The heart is located at the posterior end of the womb nest, and a large umbilical cord runs along the ventral interior carrying blood from the heart, with smaller cords branching off of it in a bus configuration to supply each kit individually. Each kit is incapsulated in an amniotic sac, with these sacs lining the walls on either side of the umbilical cord. This arrangement, with amnions along the walls and the “plumbing” running down the center, is what gives missionary womb ships their name.
In very large litters, the kit furthest from the heart receives fewer nutrients than closer kits, and becomes a runt. The kit closest to the heart gets well-fed, and grows very large. This is what happened to Iris and Lodestar. Iris was the furthest kit in the nest, while Lodestar was closest to the heart.
It takes about 144 Yih days for kits to fully develop. The process of emerging from the womb nest is called “yeaning” in English. The word is also used for missionaries (or gel-heads) coming out of metabolic suspension.

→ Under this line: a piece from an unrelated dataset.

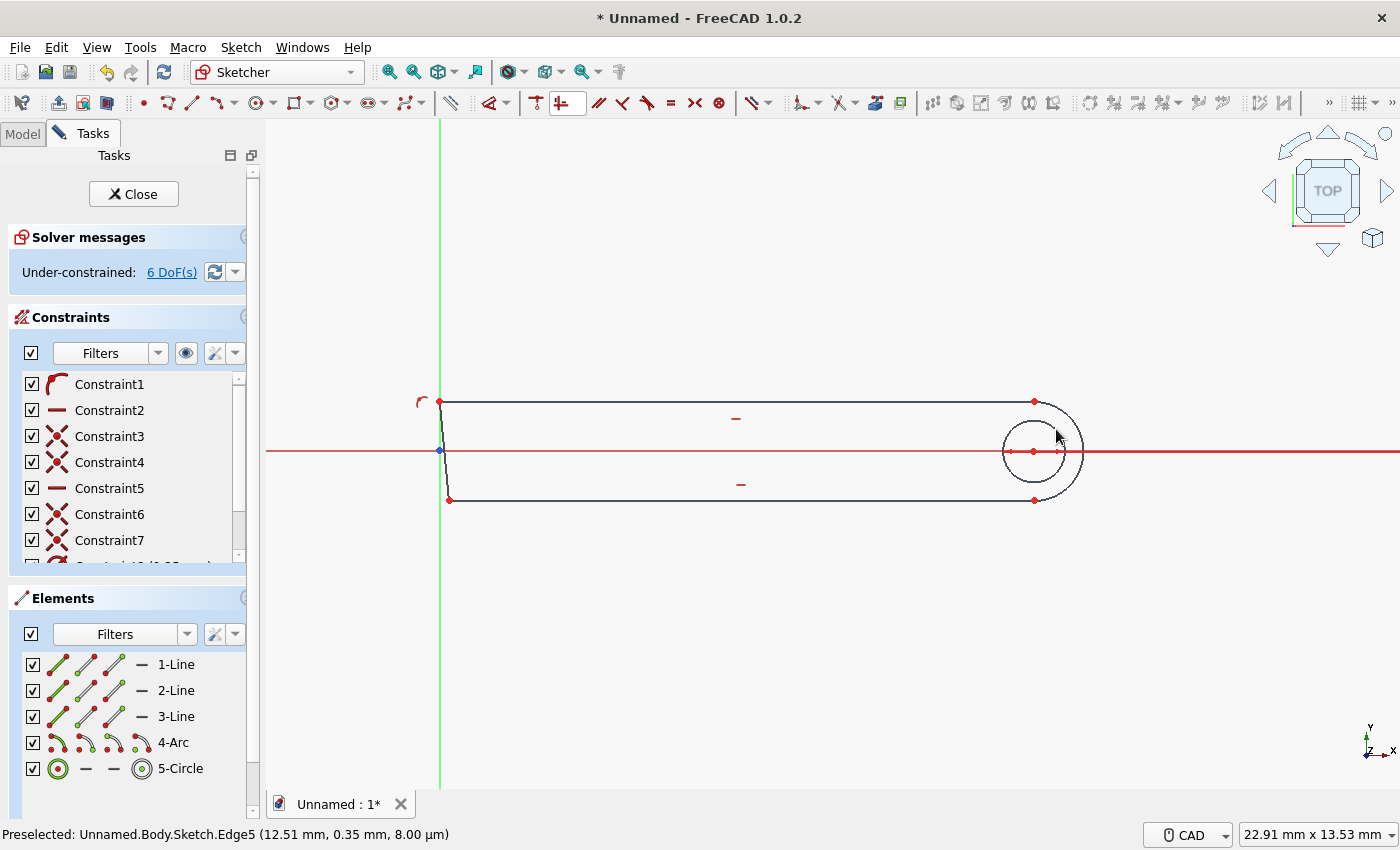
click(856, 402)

The kits come out of the womb nest blind and immobile. Their eyes open and they start moving on their own after a few weeks. The dams take over once the kits emerge. Each dam carries a kit or two on her back, and lets them lap milk from her paws when they get hungry. Kits start eating solid food after about two years, at which point they are called “pups”. Dams will continue carrying younger pups on their backs for a year or two longer.

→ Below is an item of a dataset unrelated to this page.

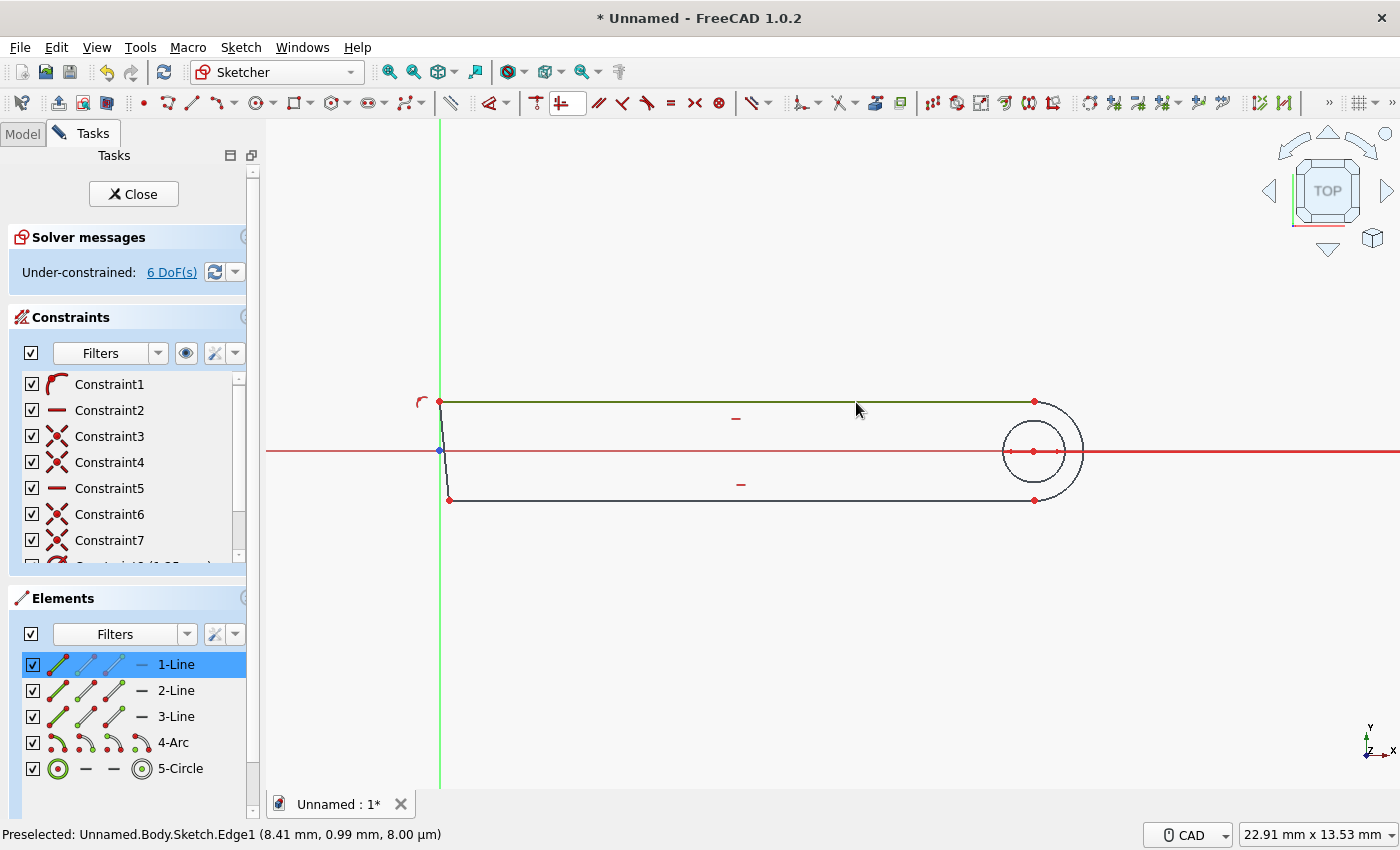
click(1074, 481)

Once the pups are weaned, parental responsibility becomes much more evenly divided between the two genders, with both sires and dams taking turns looking after pups. The exact form this takes can vary widely by culture and time period. Some communities have childermoot and litter living under one roof, while others have parents living singly, with pups rotating between households.
Both speaking and writing develop in tandem, with language progressing much like it does in humans. Kits start “scribbling” with their writing claw on any available surface, mimicking written marks made by their parents.